Sounds obvious doesn't it? If you want to grow beans you don't set about planting spuds. You dig over your ground, buy your bean seeds and make some nice little holes for them, pop them in, watch the rain water them and wait for them to grow. A couple of months later you have some lovely little bean plants coming along nicely, fixing nitrogen in your soil and promising a bean feast.
So if all that is so obvious, how come we don't apply that to other areas of our lives?
How come we are perfectly capable of convincing ourselves that in order to paint a painting, write a novel or compose a sonata, we first need to check our email, reorganise our desktop, sort our books by spine colour, do the weekly shop, spring clean the bedroom and shower the dog?

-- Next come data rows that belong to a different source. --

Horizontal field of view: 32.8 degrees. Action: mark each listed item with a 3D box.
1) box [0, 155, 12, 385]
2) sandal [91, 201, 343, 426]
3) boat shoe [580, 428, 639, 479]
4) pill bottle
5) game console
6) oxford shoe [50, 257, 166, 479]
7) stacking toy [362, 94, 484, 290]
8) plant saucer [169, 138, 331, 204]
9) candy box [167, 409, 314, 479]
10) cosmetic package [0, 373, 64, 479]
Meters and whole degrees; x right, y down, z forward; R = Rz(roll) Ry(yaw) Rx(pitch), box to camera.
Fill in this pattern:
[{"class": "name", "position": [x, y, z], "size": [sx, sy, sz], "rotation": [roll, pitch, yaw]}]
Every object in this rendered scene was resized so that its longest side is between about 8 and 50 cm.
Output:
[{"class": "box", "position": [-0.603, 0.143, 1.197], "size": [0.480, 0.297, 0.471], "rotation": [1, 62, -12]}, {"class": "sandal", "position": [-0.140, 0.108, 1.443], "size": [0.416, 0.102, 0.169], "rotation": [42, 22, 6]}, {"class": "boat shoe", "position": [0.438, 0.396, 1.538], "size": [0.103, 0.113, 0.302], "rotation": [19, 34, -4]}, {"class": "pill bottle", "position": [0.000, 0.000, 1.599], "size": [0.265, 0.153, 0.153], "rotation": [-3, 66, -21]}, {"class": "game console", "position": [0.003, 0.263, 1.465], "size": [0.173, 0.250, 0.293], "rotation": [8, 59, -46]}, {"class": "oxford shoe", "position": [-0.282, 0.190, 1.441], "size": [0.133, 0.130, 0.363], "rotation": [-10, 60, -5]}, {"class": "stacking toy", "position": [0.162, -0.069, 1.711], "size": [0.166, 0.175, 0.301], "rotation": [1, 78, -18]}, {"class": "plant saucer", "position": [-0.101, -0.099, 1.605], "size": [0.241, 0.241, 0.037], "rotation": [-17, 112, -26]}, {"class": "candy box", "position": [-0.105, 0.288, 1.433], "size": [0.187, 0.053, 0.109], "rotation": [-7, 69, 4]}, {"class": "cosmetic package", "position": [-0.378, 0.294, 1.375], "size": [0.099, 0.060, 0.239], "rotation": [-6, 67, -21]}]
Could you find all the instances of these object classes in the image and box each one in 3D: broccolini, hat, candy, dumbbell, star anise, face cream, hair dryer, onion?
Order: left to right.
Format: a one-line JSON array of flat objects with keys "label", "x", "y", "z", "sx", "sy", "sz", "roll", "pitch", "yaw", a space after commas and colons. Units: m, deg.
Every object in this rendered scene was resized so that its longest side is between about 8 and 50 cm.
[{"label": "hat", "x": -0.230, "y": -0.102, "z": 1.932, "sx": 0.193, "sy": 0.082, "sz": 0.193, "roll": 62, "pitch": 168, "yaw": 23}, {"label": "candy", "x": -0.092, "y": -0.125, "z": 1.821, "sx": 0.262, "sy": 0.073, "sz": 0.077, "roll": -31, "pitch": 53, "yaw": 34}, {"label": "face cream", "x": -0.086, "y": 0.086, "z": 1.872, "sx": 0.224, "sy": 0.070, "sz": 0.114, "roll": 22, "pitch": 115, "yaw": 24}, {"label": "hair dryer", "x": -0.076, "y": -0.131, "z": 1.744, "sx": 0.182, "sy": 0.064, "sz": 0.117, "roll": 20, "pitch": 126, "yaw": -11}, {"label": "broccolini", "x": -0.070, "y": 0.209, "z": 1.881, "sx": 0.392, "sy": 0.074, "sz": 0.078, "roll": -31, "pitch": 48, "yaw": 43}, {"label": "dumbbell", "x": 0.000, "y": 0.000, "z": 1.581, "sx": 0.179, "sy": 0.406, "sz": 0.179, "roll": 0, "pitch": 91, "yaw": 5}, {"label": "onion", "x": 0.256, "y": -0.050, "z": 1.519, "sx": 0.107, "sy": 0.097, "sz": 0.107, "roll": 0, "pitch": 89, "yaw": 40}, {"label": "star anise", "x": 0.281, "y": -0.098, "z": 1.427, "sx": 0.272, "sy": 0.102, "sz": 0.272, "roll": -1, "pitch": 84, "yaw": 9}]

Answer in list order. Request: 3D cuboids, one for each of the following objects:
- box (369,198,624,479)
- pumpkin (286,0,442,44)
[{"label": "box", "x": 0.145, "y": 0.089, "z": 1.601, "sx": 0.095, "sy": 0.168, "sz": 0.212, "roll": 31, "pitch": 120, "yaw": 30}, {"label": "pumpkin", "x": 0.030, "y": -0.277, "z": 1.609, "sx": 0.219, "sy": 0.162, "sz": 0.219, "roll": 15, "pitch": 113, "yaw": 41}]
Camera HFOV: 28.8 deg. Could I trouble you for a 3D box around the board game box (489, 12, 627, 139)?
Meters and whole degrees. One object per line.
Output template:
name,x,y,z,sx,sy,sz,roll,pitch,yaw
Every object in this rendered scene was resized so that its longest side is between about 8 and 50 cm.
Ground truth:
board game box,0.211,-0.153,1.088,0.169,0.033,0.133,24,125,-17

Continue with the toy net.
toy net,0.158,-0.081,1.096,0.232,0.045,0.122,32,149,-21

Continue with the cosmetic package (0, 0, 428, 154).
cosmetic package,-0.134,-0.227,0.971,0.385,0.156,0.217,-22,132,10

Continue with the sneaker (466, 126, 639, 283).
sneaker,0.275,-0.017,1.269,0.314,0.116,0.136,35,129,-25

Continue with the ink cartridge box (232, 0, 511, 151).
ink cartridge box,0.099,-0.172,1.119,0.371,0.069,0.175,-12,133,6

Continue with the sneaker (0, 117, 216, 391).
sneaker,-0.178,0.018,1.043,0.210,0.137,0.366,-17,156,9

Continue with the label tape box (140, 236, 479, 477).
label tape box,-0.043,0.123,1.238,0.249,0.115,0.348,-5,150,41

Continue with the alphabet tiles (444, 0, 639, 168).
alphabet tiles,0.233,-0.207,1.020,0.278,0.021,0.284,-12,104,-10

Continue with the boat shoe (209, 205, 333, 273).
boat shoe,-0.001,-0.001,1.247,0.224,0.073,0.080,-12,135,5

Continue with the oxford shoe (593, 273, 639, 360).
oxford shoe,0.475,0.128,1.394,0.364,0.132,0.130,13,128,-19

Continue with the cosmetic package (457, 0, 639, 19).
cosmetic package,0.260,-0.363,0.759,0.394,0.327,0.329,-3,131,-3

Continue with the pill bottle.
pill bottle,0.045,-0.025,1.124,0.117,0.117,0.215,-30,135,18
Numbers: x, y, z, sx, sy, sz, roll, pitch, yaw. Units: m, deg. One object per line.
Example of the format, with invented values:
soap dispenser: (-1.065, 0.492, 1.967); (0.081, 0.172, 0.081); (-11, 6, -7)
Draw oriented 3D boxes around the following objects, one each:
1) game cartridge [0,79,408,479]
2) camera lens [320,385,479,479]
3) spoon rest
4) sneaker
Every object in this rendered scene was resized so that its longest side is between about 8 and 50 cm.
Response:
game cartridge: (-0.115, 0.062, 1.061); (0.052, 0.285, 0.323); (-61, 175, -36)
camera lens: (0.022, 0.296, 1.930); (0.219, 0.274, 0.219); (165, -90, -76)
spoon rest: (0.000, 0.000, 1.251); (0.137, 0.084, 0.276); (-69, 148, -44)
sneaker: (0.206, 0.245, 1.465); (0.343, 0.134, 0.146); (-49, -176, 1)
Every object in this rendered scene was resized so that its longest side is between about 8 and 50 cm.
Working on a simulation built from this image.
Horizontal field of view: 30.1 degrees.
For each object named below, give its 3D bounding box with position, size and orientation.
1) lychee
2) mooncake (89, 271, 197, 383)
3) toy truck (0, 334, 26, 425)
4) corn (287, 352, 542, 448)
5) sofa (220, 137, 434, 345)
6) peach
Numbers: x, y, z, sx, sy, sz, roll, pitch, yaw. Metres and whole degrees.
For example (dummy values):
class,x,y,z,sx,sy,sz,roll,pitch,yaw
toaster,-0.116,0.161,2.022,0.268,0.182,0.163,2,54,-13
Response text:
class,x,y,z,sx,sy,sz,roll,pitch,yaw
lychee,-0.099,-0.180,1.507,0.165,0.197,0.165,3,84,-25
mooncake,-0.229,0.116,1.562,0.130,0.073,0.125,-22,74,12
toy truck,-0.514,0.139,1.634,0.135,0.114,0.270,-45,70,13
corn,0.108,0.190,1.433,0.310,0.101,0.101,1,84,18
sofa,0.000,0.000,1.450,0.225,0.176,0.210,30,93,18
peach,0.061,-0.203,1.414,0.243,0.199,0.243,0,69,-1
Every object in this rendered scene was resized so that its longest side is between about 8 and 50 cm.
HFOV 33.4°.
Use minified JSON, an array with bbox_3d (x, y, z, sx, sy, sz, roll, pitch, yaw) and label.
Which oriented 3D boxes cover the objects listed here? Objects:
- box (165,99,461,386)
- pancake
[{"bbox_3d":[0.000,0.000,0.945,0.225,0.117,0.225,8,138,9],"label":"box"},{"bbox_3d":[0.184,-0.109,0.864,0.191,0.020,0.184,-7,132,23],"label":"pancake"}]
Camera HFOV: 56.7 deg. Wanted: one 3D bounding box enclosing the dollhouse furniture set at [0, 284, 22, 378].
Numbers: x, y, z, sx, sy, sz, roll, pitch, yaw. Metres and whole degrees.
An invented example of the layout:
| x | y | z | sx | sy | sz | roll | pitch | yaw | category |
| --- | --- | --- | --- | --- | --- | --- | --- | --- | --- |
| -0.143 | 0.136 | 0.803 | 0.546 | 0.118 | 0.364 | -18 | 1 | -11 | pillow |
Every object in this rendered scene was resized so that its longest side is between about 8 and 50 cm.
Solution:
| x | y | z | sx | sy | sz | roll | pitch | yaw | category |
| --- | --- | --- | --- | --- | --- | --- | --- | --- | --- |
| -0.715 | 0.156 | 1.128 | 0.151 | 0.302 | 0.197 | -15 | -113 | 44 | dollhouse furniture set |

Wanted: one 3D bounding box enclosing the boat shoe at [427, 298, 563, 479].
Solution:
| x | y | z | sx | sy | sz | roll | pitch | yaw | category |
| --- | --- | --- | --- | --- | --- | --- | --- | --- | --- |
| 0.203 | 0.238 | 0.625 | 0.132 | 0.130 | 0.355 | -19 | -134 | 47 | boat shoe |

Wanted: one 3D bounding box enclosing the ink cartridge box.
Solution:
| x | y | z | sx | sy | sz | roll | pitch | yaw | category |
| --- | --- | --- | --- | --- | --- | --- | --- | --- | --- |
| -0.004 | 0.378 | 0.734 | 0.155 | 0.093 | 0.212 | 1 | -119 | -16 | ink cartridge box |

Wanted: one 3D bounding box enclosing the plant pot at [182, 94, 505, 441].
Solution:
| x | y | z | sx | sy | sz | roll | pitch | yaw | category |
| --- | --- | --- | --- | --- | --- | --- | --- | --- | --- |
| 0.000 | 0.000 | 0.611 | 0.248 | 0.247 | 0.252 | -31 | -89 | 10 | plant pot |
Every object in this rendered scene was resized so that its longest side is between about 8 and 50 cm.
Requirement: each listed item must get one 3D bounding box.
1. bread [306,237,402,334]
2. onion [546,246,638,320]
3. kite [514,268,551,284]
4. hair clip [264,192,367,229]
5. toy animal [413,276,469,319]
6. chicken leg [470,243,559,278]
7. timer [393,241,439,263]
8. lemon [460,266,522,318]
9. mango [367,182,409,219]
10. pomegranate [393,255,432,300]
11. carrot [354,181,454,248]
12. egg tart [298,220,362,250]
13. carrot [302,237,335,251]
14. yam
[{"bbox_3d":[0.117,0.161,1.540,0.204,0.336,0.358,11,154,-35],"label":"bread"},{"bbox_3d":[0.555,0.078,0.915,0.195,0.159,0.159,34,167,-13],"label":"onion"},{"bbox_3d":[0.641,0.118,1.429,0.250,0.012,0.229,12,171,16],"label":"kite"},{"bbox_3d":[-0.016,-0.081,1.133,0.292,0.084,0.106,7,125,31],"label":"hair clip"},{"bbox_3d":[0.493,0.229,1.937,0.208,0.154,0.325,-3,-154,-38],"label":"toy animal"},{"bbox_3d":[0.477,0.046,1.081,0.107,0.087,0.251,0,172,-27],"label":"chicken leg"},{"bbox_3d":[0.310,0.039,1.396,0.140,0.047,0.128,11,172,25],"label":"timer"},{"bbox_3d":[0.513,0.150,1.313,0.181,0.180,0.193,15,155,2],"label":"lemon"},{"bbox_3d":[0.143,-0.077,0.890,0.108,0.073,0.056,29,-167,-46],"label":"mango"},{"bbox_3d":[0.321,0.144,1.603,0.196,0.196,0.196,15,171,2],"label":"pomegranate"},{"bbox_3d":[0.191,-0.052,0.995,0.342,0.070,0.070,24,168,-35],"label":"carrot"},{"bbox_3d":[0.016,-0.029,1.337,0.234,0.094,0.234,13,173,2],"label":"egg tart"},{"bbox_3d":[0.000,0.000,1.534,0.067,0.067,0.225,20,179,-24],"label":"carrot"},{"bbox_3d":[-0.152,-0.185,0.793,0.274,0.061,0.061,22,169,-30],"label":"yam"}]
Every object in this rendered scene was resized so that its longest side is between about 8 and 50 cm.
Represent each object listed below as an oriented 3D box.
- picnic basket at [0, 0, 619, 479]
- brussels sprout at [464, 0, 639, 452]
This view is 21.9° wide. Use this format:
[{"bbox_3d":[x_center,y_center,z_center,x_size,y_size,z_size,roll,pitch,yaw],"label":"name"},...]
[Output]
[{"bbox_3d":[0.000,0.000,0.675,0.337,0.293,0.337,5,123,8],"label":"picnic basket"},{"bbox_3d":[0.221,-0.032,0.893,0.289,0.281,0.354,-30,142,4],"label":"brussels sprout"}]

Of course, we are procrastinating and that's easy to spot when its a case of having spent the entire morning in gmail. However, its another thing entirely when it comes to doing the weekly shop because the weekly shop NEEDS DOING. There's no getting round it. We'll go hungry if we don't (unless we can live only on the bounty of our veg plot – which in my case, at least, is unlikely) and so its perfectly justifiable and reasonable. Or so it seems. What isn't justified and reasonable is doing it WHEN we had promised ourselves to work on the painting, the novel or the sonata. Just as it wouldn't be reasonable to go down to prepare the bean bed and come back up to the house having cleaned out the shed, planted some potatoes and weeded around the plum tree (unless that's where we were planning on planting the beans).
So next time you find yourself cleaning out the fridge or grooming the cat at 10am, stop yourself in your tracks and ask yourself whether that was really the appointment you had with yourself this morning? Or were you supposed to be planting beans?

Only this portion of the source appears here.